I said all right, because mediocre Aiken is still usually bound to have its redeeming qualities, and then forgot about it until just recently when I was feeling in the mood for a.) Aiken and b.) Gothics.
Morningquest is not really quite a Gothic, as it turns out, though a girl definitely does meet a house in it. I don't really know what it is. It begins when Our Heroine Pandora Crumbe is introduced by her mother -- a very quiet and self-contained person with an unhappy marriage and a quiet, narrow life -- to the wealthy, talented and eccentric Morningquest family.
On their first visit, Pandora's mother keels over of a heart attack at the dinner table!
Thus, Pandora is sort of accidentally bequeathed to the Morningquests, who include:
GIDEON MORNINGQUEST, a tremendously successful conductor with a moderately limited interest in his children
MARIANA MORNINGQUEST, a beautiful and famous soprano who has a mysterious connection to Pandora's mother (subtext: they were probably in love), with whom Pandora falls promptly also in love
and the Morningquest children
DAN, possibly a musical genius, definitely a smug asshole with no morals
BARNEY, the good-looking brilliant one, who leaves behind him a trail of abandoned girlfriends and cats (all named Mog)
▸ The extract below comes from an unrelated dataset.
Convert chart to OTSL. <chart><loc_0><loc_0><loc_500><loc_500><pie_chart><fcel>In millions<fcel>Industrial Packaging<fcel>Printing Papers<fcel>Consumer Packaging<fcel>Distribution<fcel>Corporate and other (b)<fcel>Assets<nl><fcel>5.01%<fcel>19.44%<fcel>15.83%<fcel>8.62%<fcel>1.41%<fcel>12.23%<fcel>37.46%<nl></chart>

TOBY, the sweet scientifically brilliant one who only really talks to his sister Selene
DOLLY, the passive-aggressive and mildly toxic one who is, alas, not really brilliant at all
SELENE, the reclusive one who only really talks to her brother Tony
ELLY AND ALLY, chaotic neutral telepathic twin geniuses
plus assorted household extras
UNCLE GRISCH, an artist, former dancer, and gay Holocaust survivor who is busy rewriting great works of English literature
TANTE LULIE, a Jewish refugee relative of Gideon's first wife, who makes all Mariana's clothes and keeps the household fiscally solvent
DAVE, a useless American that nobody likes
The rest of the book sort of weaves through Pandora's interactions with various Morningquests, her development as an artist, and her search to find out more about her mother.
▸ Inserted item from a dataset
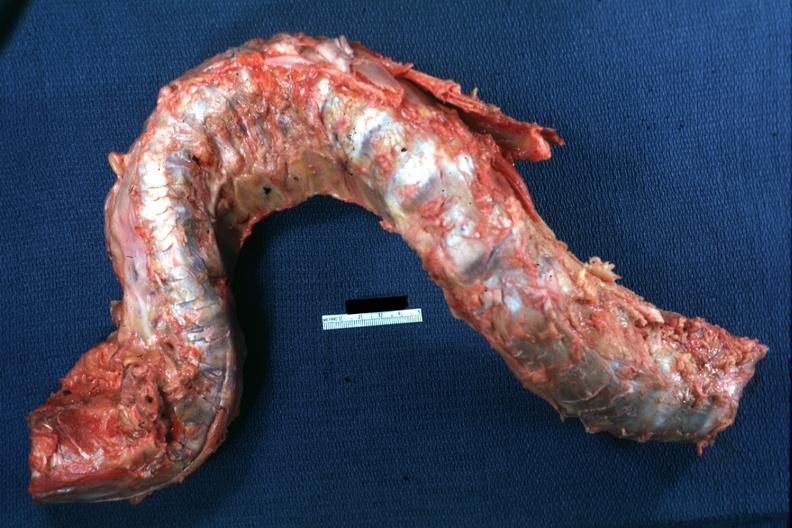what is present?
Answer the question using a single word or phrase. Joints

Along the way, there are various plot threads that spring up involving baby theft and attempted murder and incest and the aforementioned telepathy and drug smuggling and secret underground tunnels and surprise marriages, but, like. Most of these .... don't actually turn out to be all that significant to the shape of the book? Not in a dropped plot-thread way, exactly; more in a 'life just sort of goes on' way. The woman whose baby is stolen in chapter five or so is obviously really devastated, and eventually ends up leaving town, and by the end of the book she's remarried and has another baby, and eventually towards the end of the book a working theory emerges about what the hell was going on with the baby theft, but by that point it's too late to do anything about it, so ...
What actually is significant to the shape of the books? Families, I guess, and a sense of home, definitely, and what home means for refugees, immigrants, people whose past has been lost -- Tante Lulie and Uncle Grisch are the most constant and stable presences in Pandora's life, Pandora's non-Morningquest love interest is a Czech filmmaker-in-exile, Mariana's a possibly-Jewish refugee from Europe, and eventually Pandora finds out that her mother was Jewish too. Which is a surprise to her, but it wasn't a surprise to me.
Because the thing is, the whole Bohemian intellectual cobbled-together family of refugees full of complicated backstory revelations feels -- well, kind of seventies, sure, but one hundred percent real to me. My grandmother and grandfather were both Jewish refugees -- he German, she Czech -- who met and married in the UK in the 1940s. My grandmother was one of a handful of women in her Cambridge med school graduating class. I never met her, but by all accounts she was a wildly brilliant and charismatic person whom everybody fell in love with, who had a habit of picking up lost people and installing them in her house. On my shelf, I have a photocopied book of the letters that she wrote to her long-term lover, who lived in Israel, which his wife sent to my aunts after my grandmother died. My mom and her sisters had a very Morningquest childhood. I'm still finding out things that I never knew, and so, I think, are they.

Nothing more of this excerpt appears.